Serekunda

Serekunda
City
Serekunda is located in The Gambia
Serekunda
Serekunda
Location in the Gambia
Coordinates: 13°26′42″N 16°40′30″W / 13.44500°N 16.67500°W / 13.44500; -16.67500
CountryGambia
DivisionKanifing
DistrictKanifing
Founded bySayerr Jobe
Named forSayerr Jobe
Population
 (2013)[1]
 • City
19,944
 • Urban
 (Kanifing Municipal Council)[2]
382,096
Time zone0 GMT

Serekunda or Serrekunda is the largest urban centre in The Gambia. It is situated close to the Atlantic coast, on the Gambia River, near the capital, Banjul. Serekunda and Banjul form an urban area known as the Kombos, with about half of the population of the Gambia.

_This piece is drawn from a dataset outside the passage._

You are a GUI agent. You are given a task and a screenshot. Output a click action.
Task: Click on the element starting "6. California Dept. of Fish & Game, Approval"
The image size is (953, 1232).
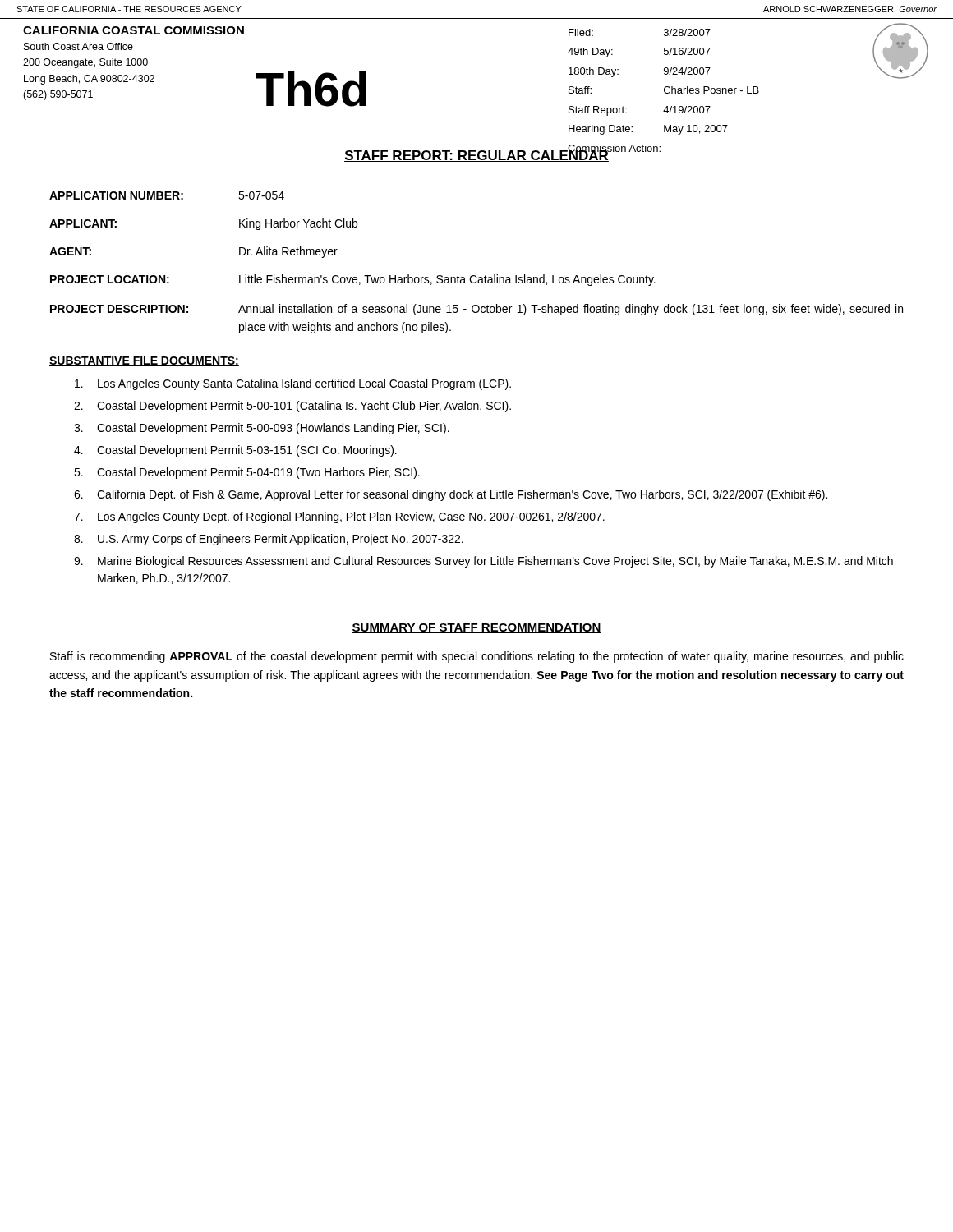[x=451, y=495]

Serekunda was named for Sayerr Jobe, who founded it in the 19th century. It merged with several villages into a larger urban area. Banjul's growth has been restricted due to being a small island, leading to Serekunda growing in population and businesses moving there from Banjul. Serekunda has been the site of political protests, and candidates from several parties have won seats. Since the 1980s, Serekunda has been a regional centre of the Tablighi Jamaat religious movement.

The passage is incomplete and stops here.